Task description: The answer must be a single number: how many lines in this listing hold the word "extension".

Input material:
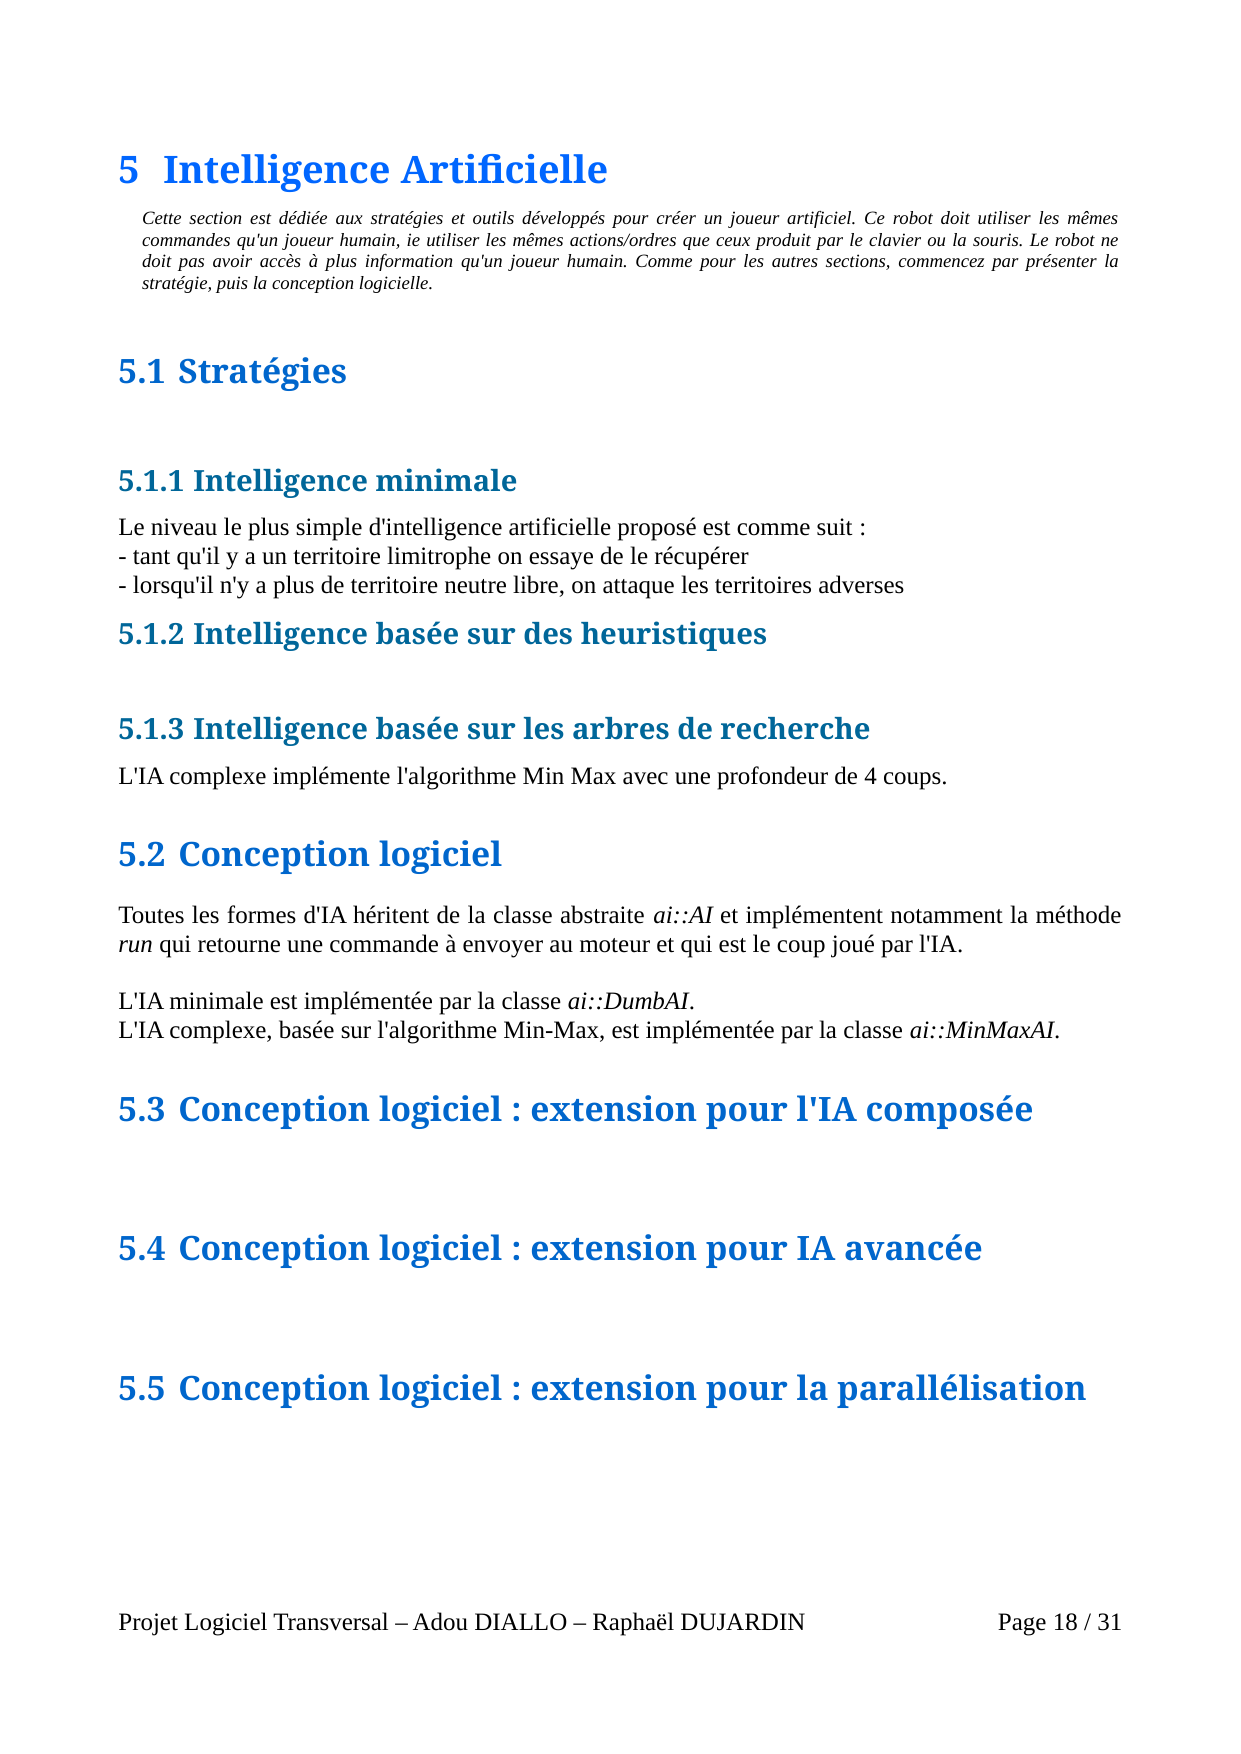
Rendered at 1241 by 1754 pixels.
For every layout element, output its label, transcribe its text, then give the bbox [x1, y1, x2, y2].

subtitle Intelligence minimale [118, 460, 1122, 500]
subtitle Intelligence basée sur des heuristiques [118, 613, 1122, 653]
text - tant qu'il y a un territoire limitrophe on essaye de le récupérer [118, 541, 1122, 570]
subtitle Intelligence basée sur les arbres de recherche [118, 708, 1122, 748]
text - lorsqu'il n'y a plus de territoire neutre libre, on attaque les territoires adverses [118, 570, 1122, 598]
text Cette section est dédiée aux stratégies et outils développés pour créer un joueur artificiel. Ce robot doit utiliser les mêmes commandes qu'un joueur humain, ie utiliser les mêmes actions/ordres que ceux produit par le clavier ou la souris. Le robot ne doit pas avoir accès à plus information qu'un joueur humain. Comme pour les autres sections, commencez par présenter la stratégie, puis la conception logicielle. [142, 207, 1122, 293]
subtitle Stratégies [118, 347, 1122, 393]
subtitle Conception logiciel : extension pour la parallélisation [118, 1364, 1122, 1410]
subtitle Conception logiciel : extension pour IA avancée [118, 1225, 1122, 1271]
subtitle Conception logiciel [118, 831, 1122, 877]
text L'IA complexe implémente l'algorithme Min Max avec une profondeur de 4 coups. [118, 761, 1122, 789]
text L'IA complexe, basée sur l'algorithme Min-Max, est implémentée par la classe ai::MinMaxAI. [118, 1015, 1122, 1044]
text Le niveau le plus simple d'intelligence artificielle proposé est comme suit : [118, 512, 1122, 541]
subtitle Conception logiciel : extension pour l'IA composée [118, 1085, 1122, 1131]
subtitle Intelligence Artificielle [118, 143, 1122, 195]
text Toutes les formes d'IA héritent de la classe abstraite ai::AI et implémentent notamment la méthode run qui retourne une commande à envoyer au moteur et qui est le coup joué par l'IA. [118, 900, 1122, 958]
text L'IA minimale est implémentée par la classe ai::DumbAI. [118, 986, 1122, 1015]

Answer space: 3